To rebuild a database:

  • In the script below, replace [Quali] with the name of the database (leave the square brackets) and run the script.

    USE [Quali]
    						GO
    
    						DECLARE @TableName VARCHAR(255)
    						DECLARE @sql NVARCHAR(500)
    						DECLARE @fillfactor INT
    						SET @fillfactor = 80
    						DECLARE TableCursor CURSOR FOR
    						SELECT OBJECT_SCHEMA_NAME([object_id])+'.'+name AS TableName
    						FROM sys.tables
    						OPEN TableCursor
    						FETCH NEXT FROM TableCursor INTO @TableName
    						WHILE @@FETCH_STATUS = 0
    						BEGIN
    						SET @sql = 'ALTER INDEX ALL ON ' + @TableName + ' REBUILD WITH (FILLFACTOR = ' + CONVERT(VARCHAR(3),@fillfactor) + ')'
    						EXEC (@sql)
    						FETCH NEXT FROM TableCursor INTO @TableName
    						END
    						CLOSE TableCursor
    						DEALLOCATE TableCursor
    						GO
    				

Trim Insight DB of old data

This database doesn't have a retention policy, which may cause unnecessary load in highly active CloudShell deployments over a long enough period. As such, we recommend trimming this database for unneeded data every 1-2 years.

For example, this particular script clears data that is older than 12 months from the specified Insight DB.

Note: To avoid loss of data, make sure the trimming process is completed before the Insight DB's nightly sync with CloudShell. For details, see Synchronization.

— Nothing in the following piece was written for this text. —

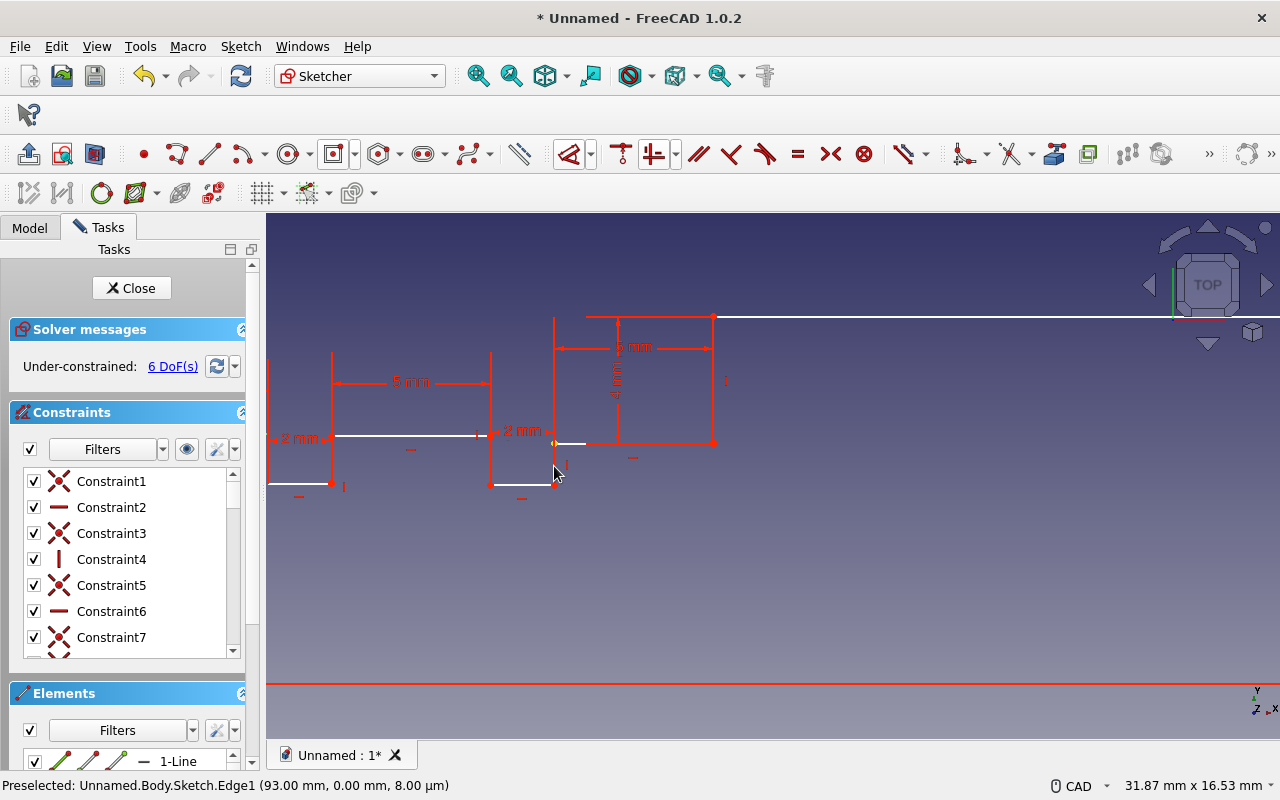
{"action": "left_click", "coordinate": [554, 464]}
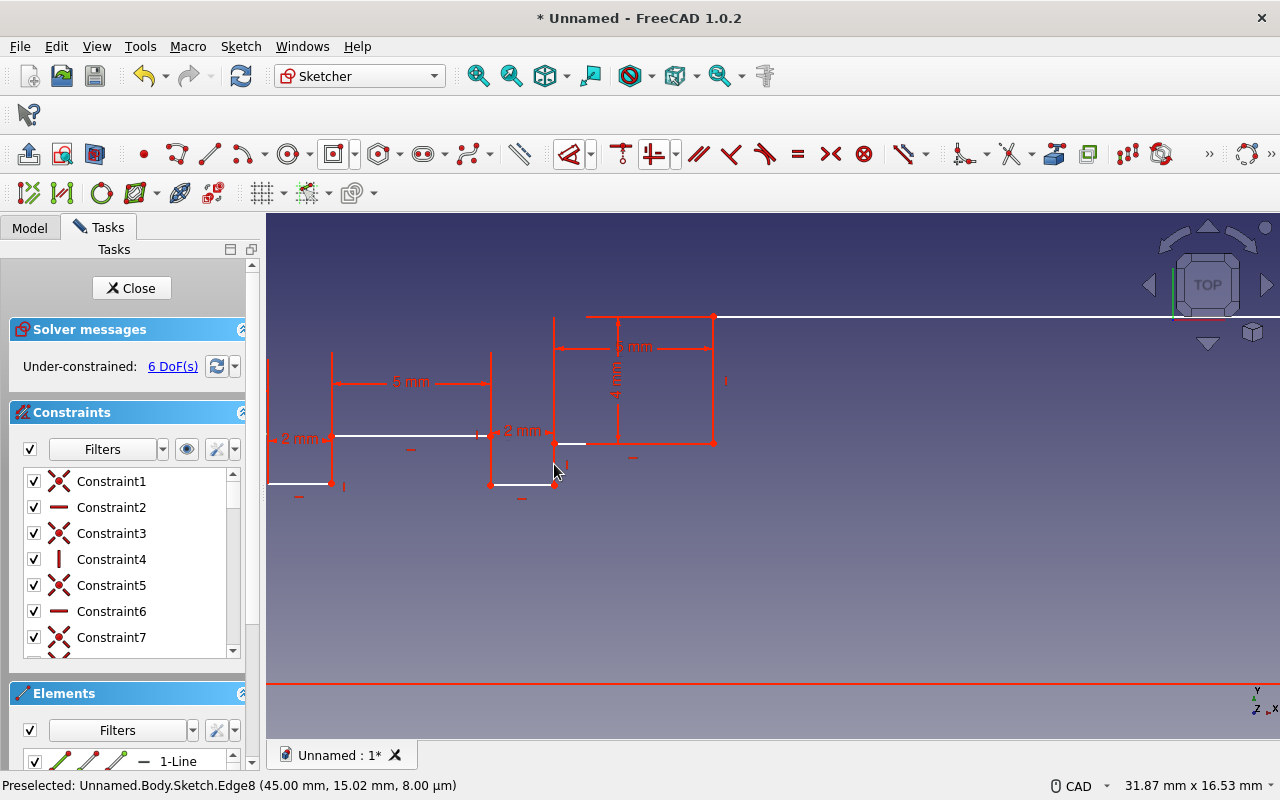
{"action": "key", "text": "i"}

To trim the database using the above script:

  1. Open the script in an text editor and set the following parameters:

    • DB_NAME: Enter the name of the relevant database. There are 3 places within the script.
    • @months_keep: Set the data retention period, in months (older data will be purged). Default is 12.
  2. Save and run the script.
  3. To follow the progress of the script, you can run the following and see the row count go down on relevant tables:

    SELECT o.NAME,
    						i.rowcnt 
    						FROM sysindexes AS i
    						INNER JOIN sysobjects AS o ON i.id = o.id 
    						WHERE i.indid < 2  AND OBJECTPROPERTY(o.id, 'IsMSShipped') = 0
    						ORDER BY i.rowcnt desc
    				--ORDER BY o.name
  4. To follow the progress of the DB trimming operation (which runs at the end of the script), run the following:

    SELECT 
    						percent_complete, 
    						start_time, 
    						status, 
    						command, 
    						estimated_completion_time, 
    						cpu_time, 
    						total_elapsed_time
    						FROM 
    						sys.dm_exec_requests
    						WHERE
    				command = 'DbccFilesCompact'

Reduce retention period for Mongo DB data

By default, MongoDB keeps sandbox Activity Feed/Output event data for six months. Depending on your CloudShell deployment, you may need to reduce the retention period. For details, see Limiting the time to keep sandbox Activity Feed/Output data.

Tip: You do not need to set a maintenance window for this action.